Yankees: Leave Brian Cashman Alone
The fans, the media and even the Yankees themselves are starting to get a little ridiculous.
The struggles this team has endured this season are in no way, shape or form Brian Cashman’s fault, so get off his back.
It has been a tough one in the Bronx this season. After spending over $500 million this past winter, the Yankees sit at an average 61-58 heading into play on Friday. They are eight games back in the American League East, trailing Baltimore and Toronto, and are four games out of the second Wild Card spot. The Blue Jays and Mariners are currently ahead of them.
There is no denying what a frustrating campaign this has been, especially after all the talent that was brought in in the offseason. On paper, this roster certainly had the look of a playoff caliber team capable of winning 90+ games. Things have not gone as planned.
And so, naturally, the frustration has boiled over. The complaints and critiques by fans and media personnel has become a daily occurrence. Even owner Hal Steinbrenner has taken some shots.
All of that is fine, this team deserves the denunciation. You know who does not though?
The attacks on the Yankees’ general manager have been senseless and shameful from a fan base that has clearly become spoiled and greedy. Anyone who is calling for Cashman’s job, a job that he has held for 16 years, simply is not being fair or paying enough attention.
What could they possibly be complaining about? That he overpaid Jacoby Ellsbury a little bit? That Carlos Beltran is too old old and injury-prone? That Brian McCann has been a waste of money?
Oh, and how on earth could Cashman have let Robinson Cano, the best hitter ever as Yankees fans continue to embellish, walk? Right, because he should just pretend all the other 10-year contracts over the years have been ideal models of how to go about running a team.
Back to the moves he did make. Elsbury is tied for the team lead in runs batted in and stolen 31 bases. Is he having the best year of his career? No, but he is not the problem and for now, neither is his contract.
Beltran had a fantastic year in 2013, showing no signs of injury or age. He hit .296 with 24 homers and 84 RBI, so few had a problem when the Yankees took him on.
Meanwhile, the McCann signing was praised around baseball. Despite getting five years and $85 million from the Bombers, McCann’s contract was substantially less years and/or money than what other top catchers like Yadier Molina (10-year, $96.5 million), Joe Mauer (8-year, $184 million) and Buster Posey (9-year, $164 million) had gotten. Considering the Yankees’ desperation for a backstop, few had anything negative to say about the signing at the time.
If anything, the move that was most criticized was giving Masahiro Tanaka a seven-year, $155 million deal despite never throwing a pitch in the big leagues. That signing was worth every penny before Tanaka hit the disabled list, as he went 12-4 with a 2.51 ERA.
Have these moves all played out the way Cash had hoped?

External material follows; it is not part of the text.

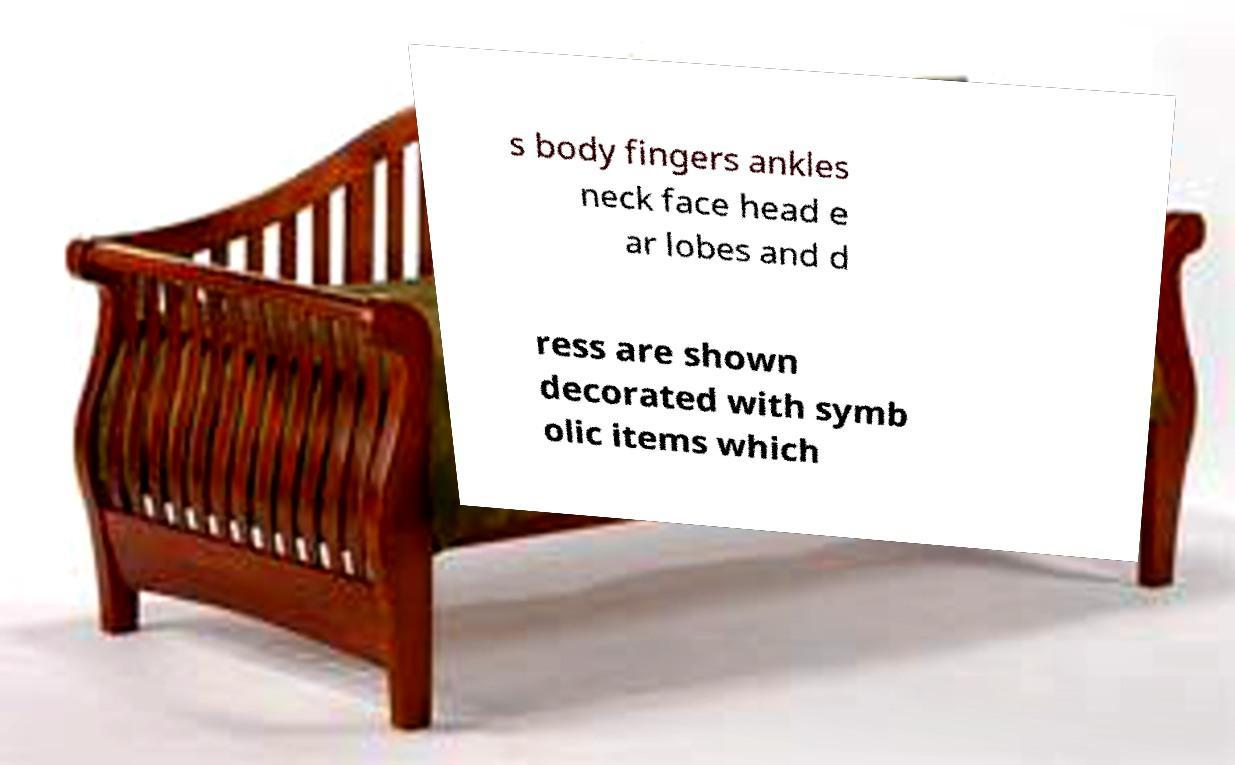For documentation purposes, I need the text within this image transcribed. Could you provide that? s body fingers ankles neck face head e ar lobes and d ress are shown decorated with symb olic items which

Of course not. But it is not his fault that McCann is hitting .238 and Beltran is at .243. These guys are playing well below the expectations they have consistently met with ease throughout their careers, and Cashman is not the one up at the plate with a bat in his hand. Its not Cashman’s fault Tanaka and the rest of the rotation got hurt. Its not his fault Alfonso Soriano went from having one of the best second halves in history last year to completely forgetting how to hit this season.
Cashman does not play the game. He just makes the moves, and few anything to say when they were made. The guys on the field have to produce.
So, instead of whining at these supposedly awful moves Cashman has made that has this team barely treading water, how about looking at the moves he has made to keep them afloat.
Brandon McCarthy has gone from scrub to star since he was picked up from Arizona, posting a 4-1 record with a 2.21 ERA in six starts. Chris Capuano only cost cash considerations. He has 3.60 ERA in four starts. Chase Headley, who was obtained for Yangervis Solarte and a low-level pitching prospect, is starting to come around at the plate and has made several run-saving plays with his spectacular defense. Meanwhile, Martin Prado and Stephen Drew offer solid defense and versatility in the field as they attempt to find their way in the batter’s box.
Without some of these moves, this Yankees ship would have sunk a long time ago. Instead, Cashman went out and plugged the leaks, and he did so without really sacrificing anything. Without Brian Cashman, this team would already be done.
So, when fans are calling Cashman out on the airwaves, the media is writing articles about whether its time for him to go or not, and one of the Steinbrenner sons gives a sketchy answer about his future, one should be scratching their head.
It just does not make sense. Cashman has made bad moves before, but they were bad at the time. The moves that people are complaining about now received applause and fist pumps at the time.
Its easy for fans, the media and Hal to blame the GM who does not have contract at the end of the season, because hindsight is always 20-20. Still, that does not make it right.
With such unfair criticism, if anything, Brian Cashman should decide if he wants the Yankees back in 2015.